Ecosyste.ms: Awesome

An open API service indexing awesome lists of open source software.

Awesome Lists | Featured Topics | Projects

https://github.com/worldhealthorganization/covid-data-registry

Data registry, data schemas, and schema validators for COVID-19 case counts data sources.
https://github.com/worldhealthorganization/covid-data-registry

case-counts covid19 data-registry eios

Last synced: about 2 months ago
JSON representation

Data registry, data schemas, and schema validators for COVID-19 case counts data sources.

Awesome Lists containing this project

README

        

# covid-data-registry

This repository contains a data registry, data schemas, and schema validators for COVID-19 case counts data sources.

## Registry File

The registry is constructed using a yaml file, `registry.yml` in the root of the repository. The structure of the registry file has a root key `sources`, under which a listing of repositories grouped by data type is provided.

In this COVID-19 registry, for example, we currently only have sources of type `case-counts`. We provide a `description` and a listing of `repos`, one for each source.

```yaml
sources:
-
type: case-counts
description: Daily cumulative case and death counts at different levels of geographic resolution
repos:
- https://github.com/WorldHealthOrganization/xform-covid-casecount-jhu
- https://github.com/WorldHealthOrganization/xform-covid-casecount-ecdc
- https://github.com/WorldHealthOrganization/xform-covid-casecount-who
- https://github.com/WorldHealthOrganization/xform-covid-casecount-wom
```

## Registry Document

Each of the data source repositories contains its own yaml file with additional metadata about the source.

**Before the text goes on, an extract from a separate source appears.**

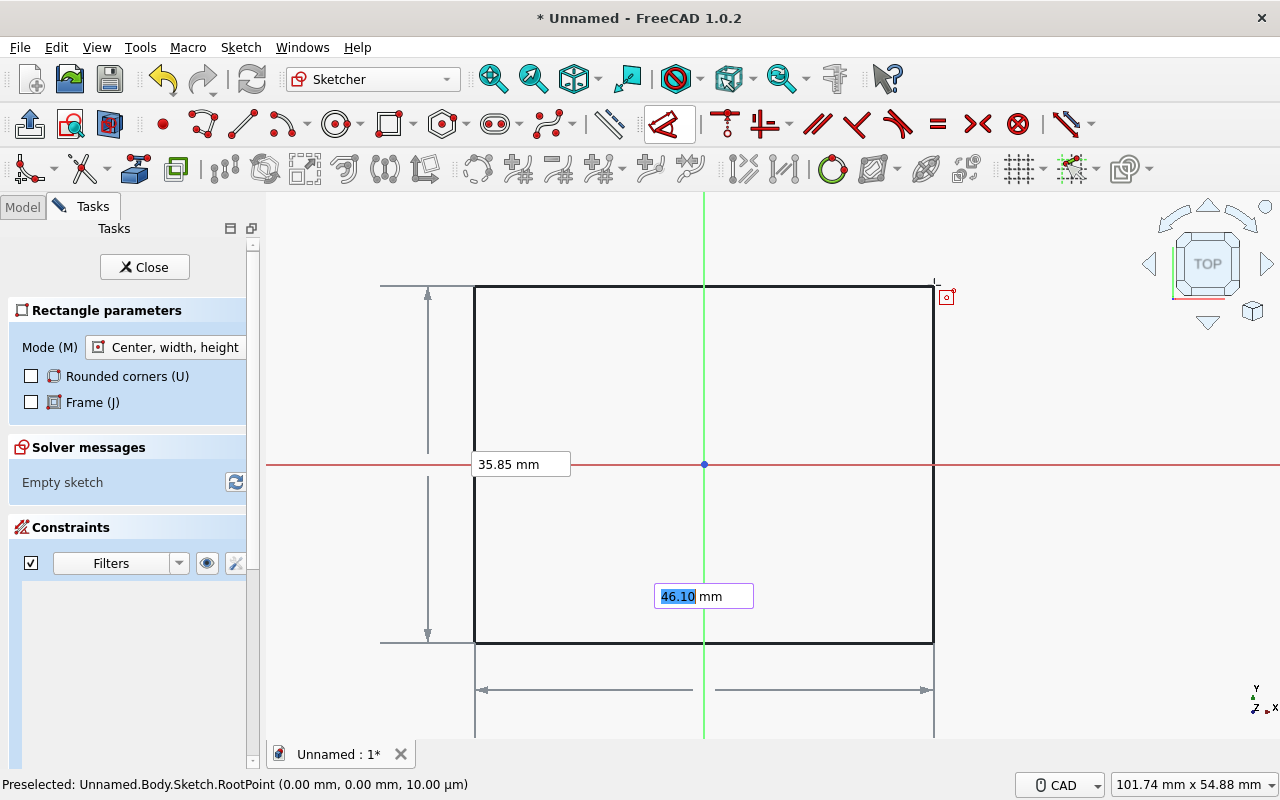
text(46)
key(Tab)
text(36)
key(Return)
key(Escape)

A GitHub Action in this registry repository runs daily (defined [here](https://github.com/WorldHealthOrganization/covid-data-registry/blob/master/.github/workflows/make_docs.yml)) and produces a markdown document listing all of the sources and associated metadata, which is placed in the `docs` directory, [here](https://github.com/WorldHealthOrganization/covid-data-registry/blob/master/docs/registry.md).

See the [README](scripts/make-docs/README.md) in [scripts/make-docs](scripts/make-docs) for details on generating the registry markdown file.

## Schemas

Schemas for the data types of sources in the registry are also stored in this registry repository in the `schemas` directory. The general assumption is that data sources will store final output data as csv files in the data source repositories, and the schema definitions in this registry are built to validate csv files.

The csv schemas are defined and validated using the [csv-schema-py](https://github.com/pcstout/csv-schema-py) package. The README in that repository provides information about how to define a schema.

An underlying assumption about the use of this data registry framework is that data is collected at different levels of national or subnational administrative levels, with levels defined as follows:

- global: data pertaining to the entire world
- continents: data pertaining to each continent
- who_regions: data pertaining to each WHO Region
- admin0: data pertaining to national-level boundaries (countries/territories)
- admin1: data pertaining to subnational-level boundaries (states/provinces within countries/territories)
- admin2: data pertaining to data pertaining to a second level of sub-national boundaries (counties within states, etc.)

A different data schema can be provided for each administrative level.

As an example, for case counts, we define a schema for admin0 data as follows:

```
{
"name": "Admin0 Case Counts",
"description": "",
"filename": {
"regex": ".+(\\.csv)$"
},
"columns": [
{
"type": "enum",
"name": "admin0_code",
"required": true,
"null_or_empty": false,
"values": [
"AF",
"AX",
... (continued list of acceptable country codes)
]
},
{
"type": "string",
"name": "date",
"required": true,
"null_or_empty": false,
"regex": "^([0-9]{4})(-)(1[0-2]|0[1-9])\\2(3[01]|0[1-9]|[12][0-9])$",
"min": 10,
"max": 10
},
{
"type": "integer",
"name": "cases",
"required": true,
"null_or_empty": true,
"regex": null,
"min": 0,
"max": null
},
{
"type": "integer",
"name": "deaths",
"required": true,
"null_or_empty": true,
"regex": null,
"min": 0,
"max": null
}
]
}
```

The actual file is available [here](https://github.com/WorldHealthOrganization/covid-data-registry/blob/master/schemas/case-counts/admin0/v1/admin0.json).

This schema requires the following 4 columns to exist in the data:

- admin0_code: the country code, which cannot be empty, and must be one of the listed values
- date: a valid date string of the format yyyy-mm-dd
- cases: a non-negative number of cumulative cases (cumulative is not validatable)
- deaths: a non-negative number of cumulative deaths (cumulative is not validatable)

Validating sources against well-defined schemas helps ensure that applications which will ingest the data can always expect data in a uniform format.

## Creating a New Registry

To create a new registry for another project, this repository can be cloned and modified for the new purpose. Simply clone the repository, update the `registry.yml` file, and the schemas in the `schema` directory.